別所温泉の素晴らしい建築(柏屋別荘と倉沢蚕室)に引き続いて、上田市内の常田館製糸場を訪ねました。
新幹線の駅に近いところに、下写真のような建築が堂々とした姿を見せています。重要文化財の「四階繭倉庫」(1910)です。まさに蚕都上田です。
工場の中を見学することができます。上写真の建物は非公開ですが、重要文化財の3つの建物を見ることができます。まずは「五階鉄筋繭倉庫」(1926)。アールデコっぽいデザインを感じます。
中はRCの堅固な作りです。
前面の回廊で、隣の木造の繭倉庫と結ばれています。
離れてみると、結構サマになる姿、立ち姿です。
前回のブログで紹介した、倉澤蚕室(1920)と共通する外観です。漆喰の白い壁と各層につく、霧除け庇。こちらの方が古くて、左側の「三階繭倉庫」が1903年、右の「五階繭倉庫」が1905年です。構造的には土蔵造りということになるようです。
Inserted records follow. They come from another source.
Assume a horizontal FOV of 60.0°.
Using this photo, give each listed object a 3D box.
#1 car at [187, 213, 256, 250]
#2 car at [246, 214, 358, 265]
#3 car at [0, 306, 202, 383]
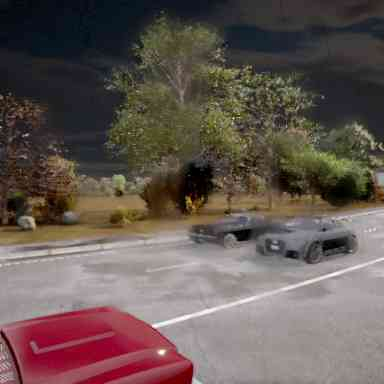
[{"bbox_3d":[2.081,1.629,14.676,4.718,1.301,1.895,0,0,-40],"label":"car"},{"bbox_3d":[4.171,1.585,11.895,4.181,1.385,1.994,0,0,-40],"label":"car"},{"bbox_3d":[-2.236,1.610,2.236,4.718,1.301,1.895,0,0,-36],"label":"car"}]
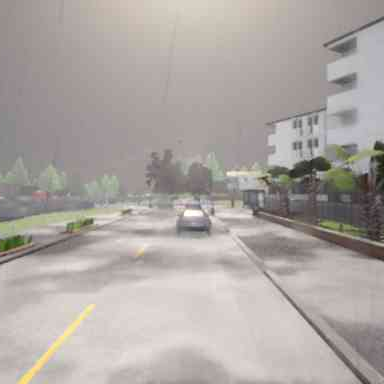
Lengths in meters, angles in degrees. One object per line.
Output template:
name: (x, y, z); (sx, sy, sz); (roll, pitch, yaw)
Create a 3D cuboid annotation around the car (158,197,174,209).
car: (-3.970, 1.626, 50.869); (2.097, 1.767, 4.553); (0, 0, 0)

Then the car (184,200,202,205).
car: (0.121, 1.681, 37.456); (1.882, 1.535, 5.008); (0, 0, 0)

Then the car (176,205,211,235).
car: (0.109, 1.672, 19.834); (1.994, 1.385, 4.181); (0, 0, 0)
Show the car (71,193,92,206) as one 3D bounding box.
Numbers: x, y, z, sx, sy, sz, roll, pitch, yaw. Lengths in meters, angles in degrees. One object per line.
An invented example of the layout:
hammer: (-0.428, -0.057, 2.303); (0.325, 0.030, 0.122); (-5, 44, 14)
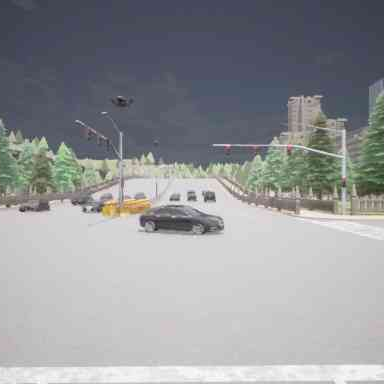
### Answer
car: (-17.608, 1.214, 53.664); (2.150, 2.045, 5.566); (0, 0, 0)

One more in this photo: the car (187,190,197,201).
car: (-0.004, 1.006, 68.057); (1.837, 1.490, 4.892); (0, 4, 0)

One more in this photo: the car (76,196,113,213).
car: (-10.589, 1.490, 36.579); (2.128, 1.511, 4.902); (0, 0, 0)

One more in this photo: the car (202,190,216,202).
car: (3.506, 0.820, 66.341); (2.150, 2.045, 5.566); (0, 3, 0)

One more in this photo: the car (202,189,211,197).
car: (3.343, 0.217, 77.988); (1.812, 1.442, 4.674); (0, 7, 0)

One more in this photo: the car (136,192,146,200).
car: (-10.613, 0.889, 67.308); (2.097, 1.767, 4.553); (0, 3, 0)

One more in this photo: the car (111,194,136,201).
car: (-10.610, 1.351, 51.724); (2.097, 1.767, 4.553); (0, 0, 0)

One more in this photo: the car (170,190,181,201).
car: (-3.509, 1.035, 68.504); (1.994, 1.385, 4.181); (0, 4, 0)

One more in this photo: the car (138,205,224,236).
car: (-0.631, 1.505, 18.327); (4.892, 1.490, 1.837); (0, 1, 26)

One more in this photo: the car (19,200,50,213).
car: (-17.597, 1.564, 37.332); (1.994, 1.385, 4.181); (0, 0, 0)

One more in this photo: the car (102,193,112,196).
car: (-17.609, 0.900, 69.119); (1.812, 1.442, 4.674); (0, 3, 0)

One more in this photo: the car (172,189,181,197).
car: (-3.660, 0.229, 78.515); (1.895, 1.301, 4.718); (0, 7, 0)
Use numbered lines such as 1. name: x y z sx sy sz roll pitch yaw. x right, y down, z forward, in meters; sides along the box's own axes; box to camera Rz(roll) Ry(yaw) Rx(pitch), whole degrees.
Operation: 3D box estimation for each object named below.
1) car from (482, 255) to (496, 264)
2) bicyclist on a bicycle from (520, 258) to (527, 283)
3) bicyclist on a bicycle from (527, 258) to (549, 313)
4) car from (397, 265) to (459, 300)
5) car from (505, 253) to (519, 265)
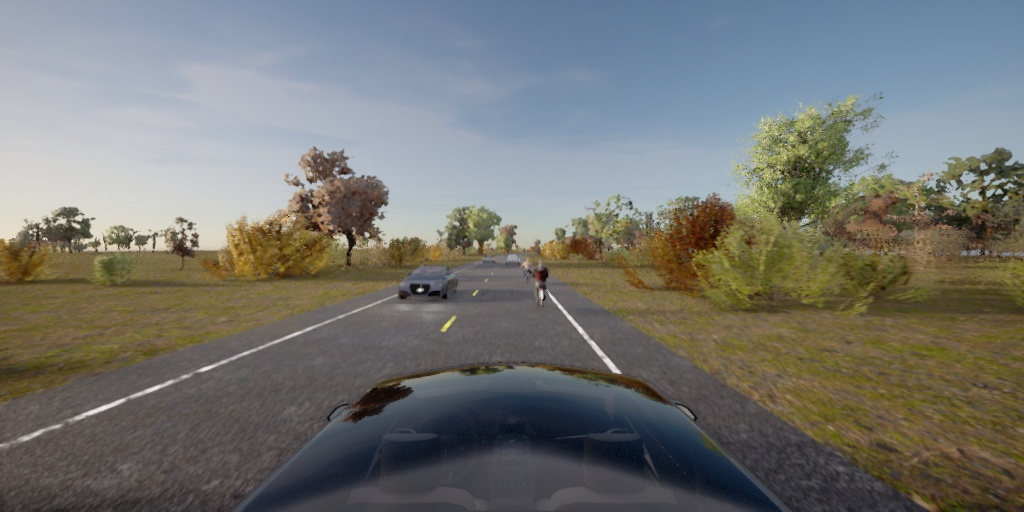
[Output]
1. car: -3.565 0.539 56.079 1.895 1.301 4.718 0 1 1
2. bicyclist on a bicycle: 0.934 0.895 22.054 0.866 1.612 1.509 0 1 0
3. bicyclist on a bicycle: 0.961 0.972 12.235 0.659 1.776 1.843 0 1 0
4. car: -3.596 1.111 15.991 1.994 1.385 4.181 0 1 0
5. car: 0.067 0.508 53.279 1.812 1.442 4.674 0 1 0

回廊を通り、繭倉庫に入ります。急な階段で上階に導かれます。
基本的に倉庫です。規則的に柱が並びますが、桁行方向、三間毎に太い通し柱です。
最上階に来るとトラスの小屋組みもきれいに見えます。
柱に貫穴のように見える小穴は、下の解説写真を見るとよくわかります。蚕棚を載せるための仕掛けです。
外を眺めると、工場の全景(一部?)が見えます。正面の平屋は繰糸棟です。かつては同じような棟が何棟も軒を接していました。
下写真の右手に見える煙突も市の指定文化財で、同時に国の近代化産業遺産にもなっています。
信州では、諏訪地方、岡谷とか塩尻などが蚕糸業の中心だというイメージがありました。上田が蚕都と呼ばれた一大産地であったことは、恥ずかしながら今回の旅で知ることになりました。上州との関係、日本海側や東北の蚕糸地帯との関係など、少し勉強をして、頭の中を整理する必要がありそうです。